For eight years, between 1921 and 1929, there was a boom in the American economy. Business was doing well, sales increased, profits increased and the prices of shares rose. Ordinary Americans were investing money in the stock market (Wall Street), buying shares in companies which they hoped would make large profits.
All this came to an abrupt end with the Wall Street Crash in October 1929, and America fell into serious economic depression. But why was this?
1. Companies were producing too many goods. People had already bought lots of new things like cars, radios etc.
American goods could not be sold abroad because other countries had put tariffs (taxes) on them to make them more expensive.
When the demand for goods began to fall, workers' wages were cut and some workers became unemployed, which meant that they could no longer afford to buy the new consumer goods.

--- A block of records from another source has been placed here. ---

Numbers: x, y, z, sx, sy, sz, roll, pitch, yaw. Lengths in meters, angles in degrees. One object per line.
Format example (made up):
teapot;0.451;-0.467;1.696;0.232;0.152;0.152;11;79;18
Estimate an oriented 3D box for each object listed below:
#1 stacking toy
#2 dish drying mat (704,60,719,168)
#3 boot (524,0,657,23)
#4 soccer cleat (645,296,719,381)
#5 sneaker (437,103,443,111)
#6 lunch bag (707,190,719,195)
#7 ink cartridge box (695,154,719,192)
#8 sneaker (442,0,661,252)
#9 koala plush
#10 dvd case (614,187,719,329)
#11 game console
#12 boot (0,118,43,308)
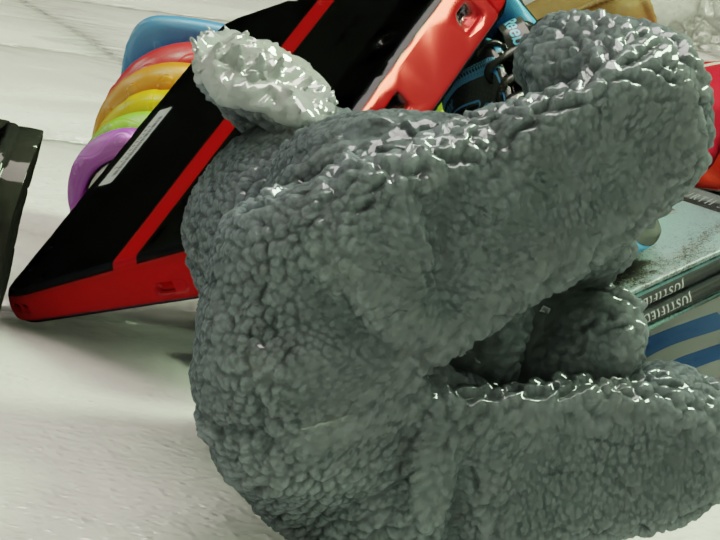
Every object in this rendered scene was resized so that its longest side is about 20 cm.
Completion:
stacking toy;-0.097;-0.039;1.251;0.109;0.116;0.200;11;24;12
dish drying mat;0.146;-0.075;1.278;0.077;0.018;0.200;-2;14;16
boot;0.058;-0.093;1.420;0.199;0.066;0.175;-24;-1;-1
soccer cleat;0.163;0.027;1.093;0.070;0.087;0.200;0;14;-43
sneaker;0.039;-0.073;1.245;0.083;0.074;0.200;0;9;31
lunch bag;0.121;-0.016;1.314;0.160;0.083;0.200;2;12;-42
ink cartridge box;0.202;-0.071;1.325;0.199;0.047;0.160;9;11;-8
sneaker;0.067;-0.057;1.080;0.073;0.082;0.200;-14;23;-8
koala plush;0.001;-0.001;0.884;0.183;0.178;0.200;-17;24;-21
dvd case;0.055;0.007;1.068;0.200;0.022;0.146;-22;24;-24
game console;-0.040;-0.056;1.098;0.177;0.031;0.200;-14;31;44
boot;-0.224;-0.038;1.119;0.157;0.080;0.211;11;3;-15
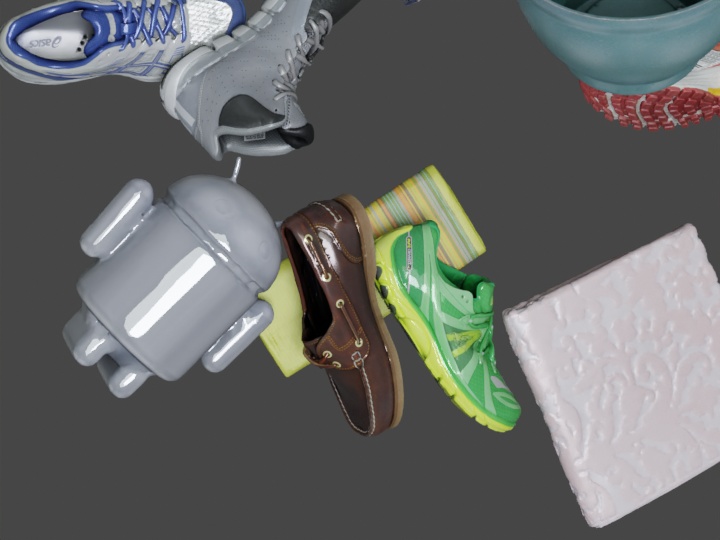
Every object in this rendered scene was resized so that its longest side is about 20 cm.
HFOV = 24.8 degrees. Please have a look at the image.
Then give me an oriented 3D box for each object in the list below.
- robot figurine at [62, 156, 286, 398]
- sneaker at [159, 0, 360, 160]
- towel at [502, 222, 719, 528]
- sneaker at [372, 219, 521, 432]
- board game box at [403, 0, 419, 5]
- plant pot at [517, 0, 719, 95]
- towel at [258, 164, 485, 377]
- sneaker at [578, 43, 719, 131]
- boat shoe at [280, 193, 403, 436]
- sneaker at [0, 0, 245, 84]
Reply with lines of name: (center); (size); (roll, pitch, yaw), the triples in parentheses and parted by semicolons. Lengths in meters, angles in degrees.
robot figurine: (-0.142, 0.005, 1.283); (0.200, 0.113, 0.170); (-44, 121, -2)
sneaker: (-0.050, -0.154, 1.280); (0.200, 0.075, 0.116); (-37, 63, 0)
towel: (0.234, 0.086, 1.373); (0.190, 0.032, 0.201); (-26, 99, -14)
sneaker: (0.083, 0.048, 1.327); (0.083, 0.074, 0.201); (-33, 109, 0)
board game box: (0.057, -0.353, 1.307); (0.200, 0.062, 0.200); (-39, 100, -3)
plant pot: (0.211, -0.224, 1.278); (0.199, 0.135, 0.201); (-4, 55, 6)
towel: (0.000, 0.000, 1.353); (0.199, 0.018, 0.086); (-32, 95, -4)
sneaker: (0.279, -0.168, 1.357); (0.198, 0.078, 0.083); (-5, 69, -3)
boat shoe: (-0.020, 0.042, 1.295); (0.070, 0.070, 0.201); (-25, 109, -36)
sneaker: (-0.184, -0.181, 1.275); (0.199, 0.088, 0.076); (-13, 95, -8)

“ Not as many people use me when they lose their jobs. This is because companies made too many goods and people stopped buying them. When people lose their jobs it means that there’s hardly any of us around!” A. US Dollar
The Knock On Effect: The workers who produced the parts that were essential for cars and radios eg: Rubber and transmitter industries also suffered
The overproduction of goods was also caused by the unequal distribution of wealth. People who could afford goods no longer wanted to buy them because they had already bought them. A survey showed that 60% of Americans could not even afford such goods as they were living in poverty. For such people the so called ‘boom’ had never been a reality.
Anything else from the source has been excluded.